__Your objective__. The entries below are to be returned as written, with all pictures dropped.

__Provided records__.
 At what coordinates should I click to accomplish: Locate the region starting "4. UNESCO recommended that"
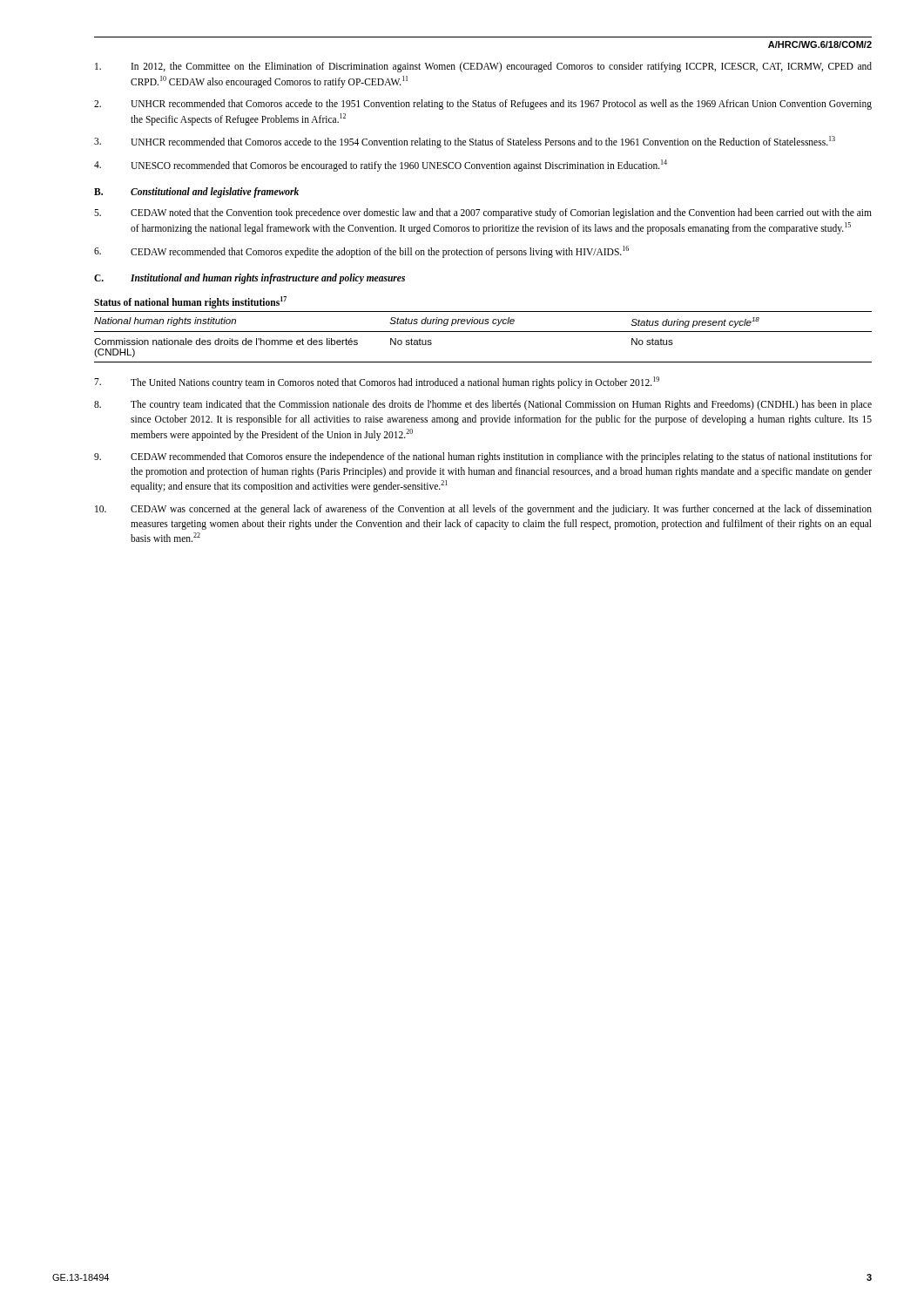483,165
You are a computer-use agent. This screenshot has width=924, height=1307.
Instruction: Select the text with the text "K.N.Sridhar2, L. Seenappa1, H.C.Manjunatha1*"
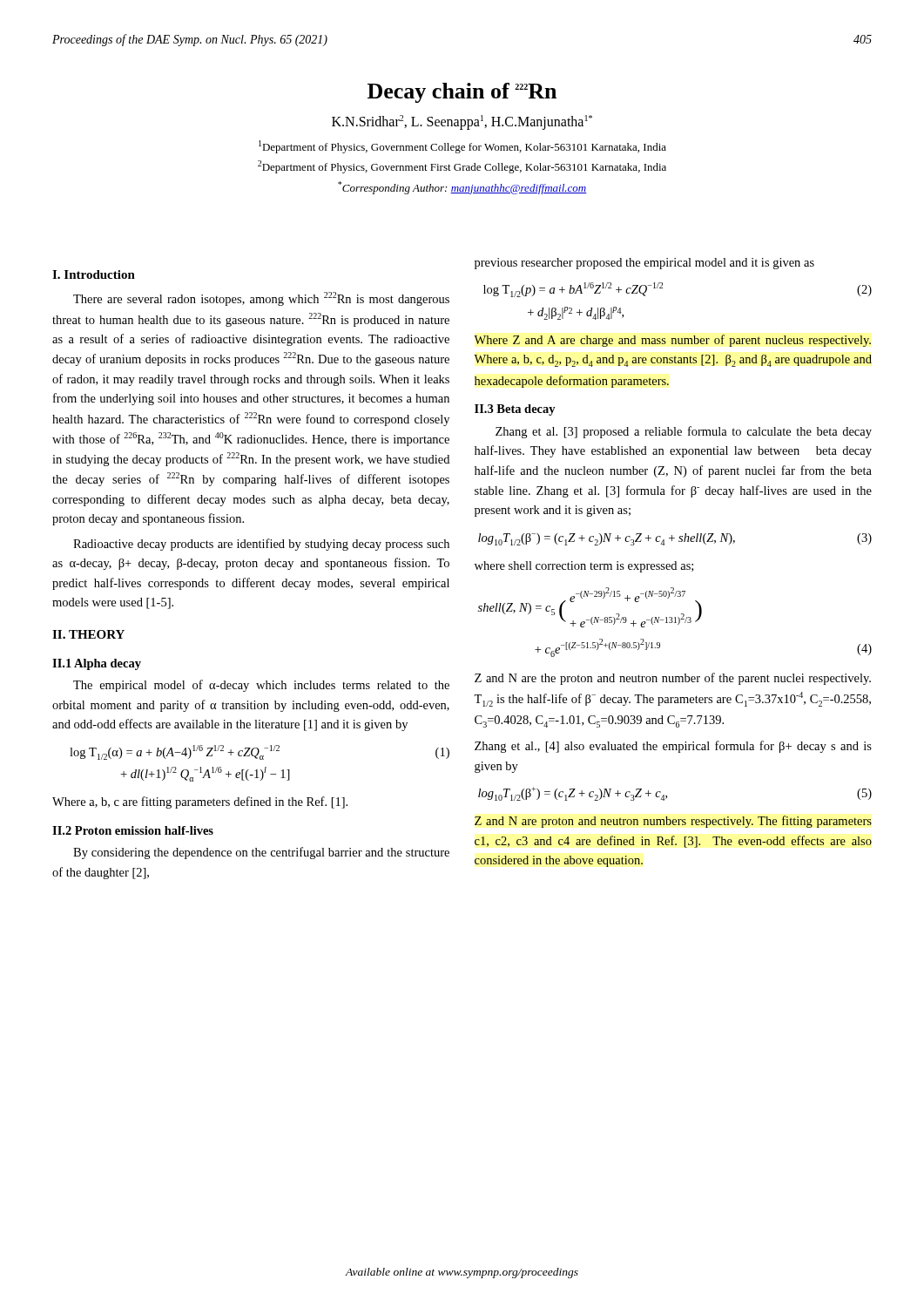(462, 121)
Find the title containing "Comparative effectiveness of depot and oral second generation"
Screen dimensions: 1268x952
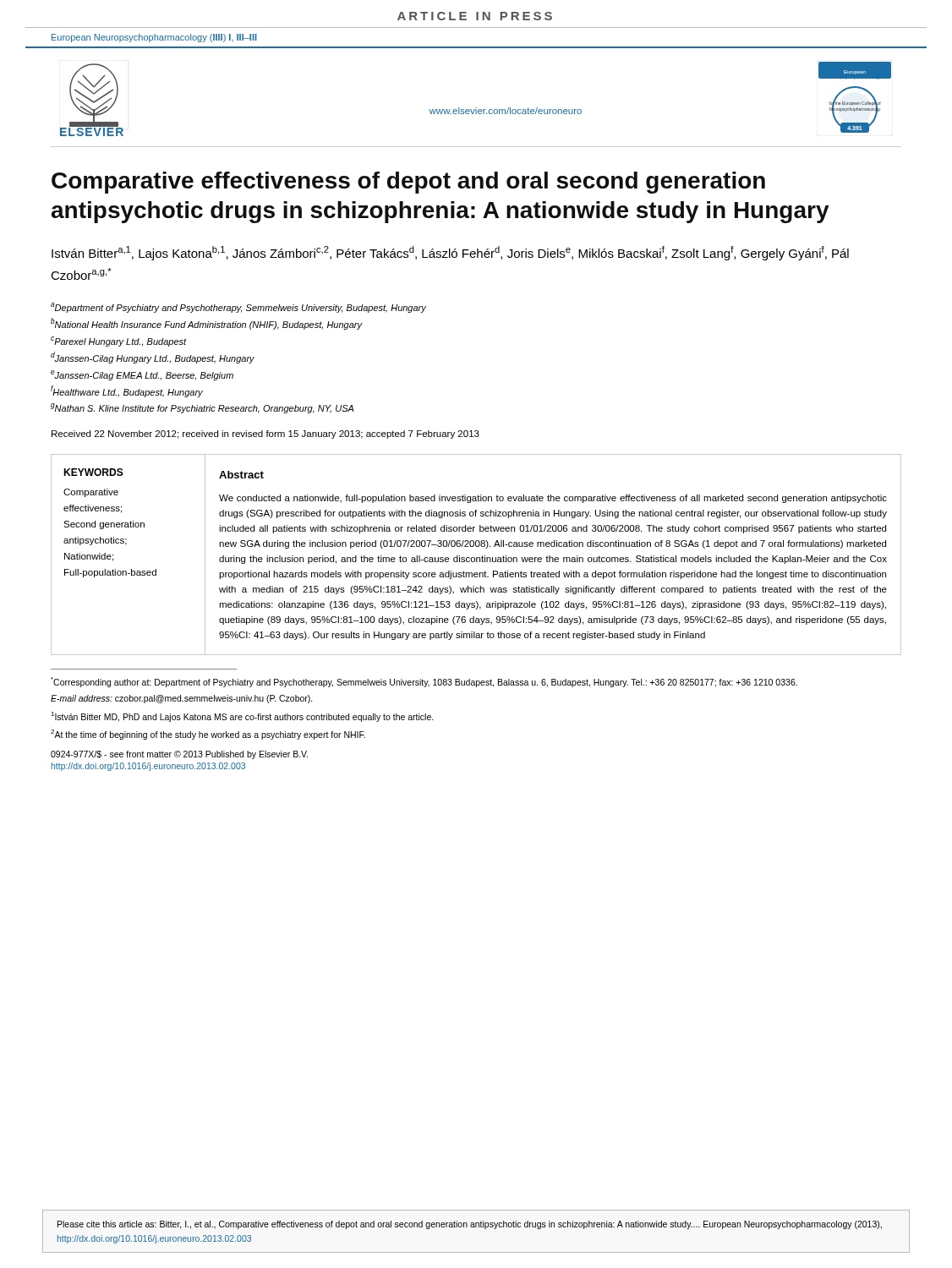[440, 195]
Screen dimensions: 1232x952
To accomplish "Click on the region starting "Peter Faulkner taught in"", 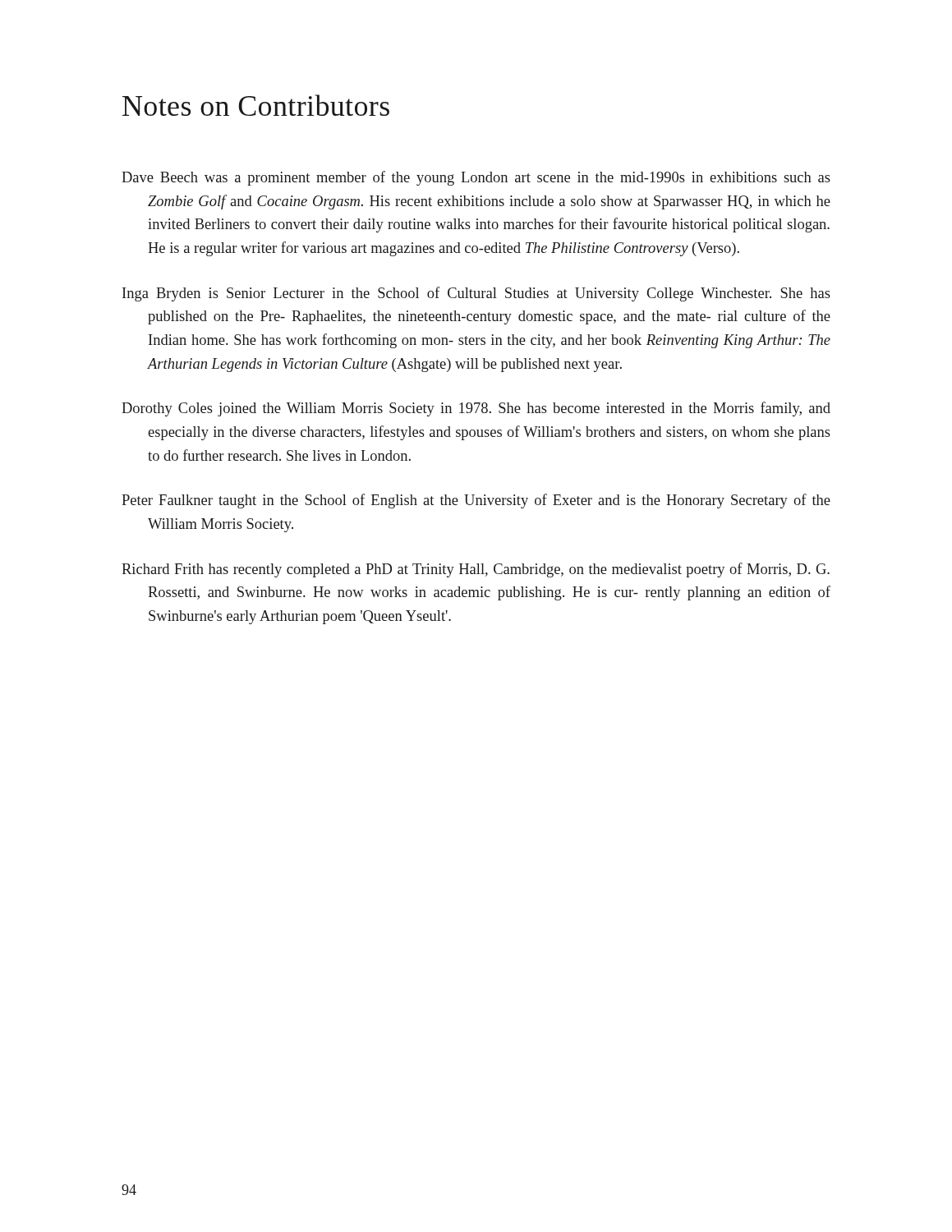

__Result for this exercise__.
 At what coordinates should I click to accomplish: Locate the region starting "4. UNESCO recommended that"
483,165
You are a computer-use agent. This screenshot has width=924, height=1307.
Instruction: Select the text with the text "K.N.Sridhar2, L. Seenappa1, H.C.Manjunatha1*"
(462, 121)
Find the title containing "Comparative effectiveness of depot and oral second generation"
Screen dimensions: 1268x952
[440, 195]
Screen dimensions: 1232x952
To accomplish "Click on the region starting "Peter Faulkner taught in"", 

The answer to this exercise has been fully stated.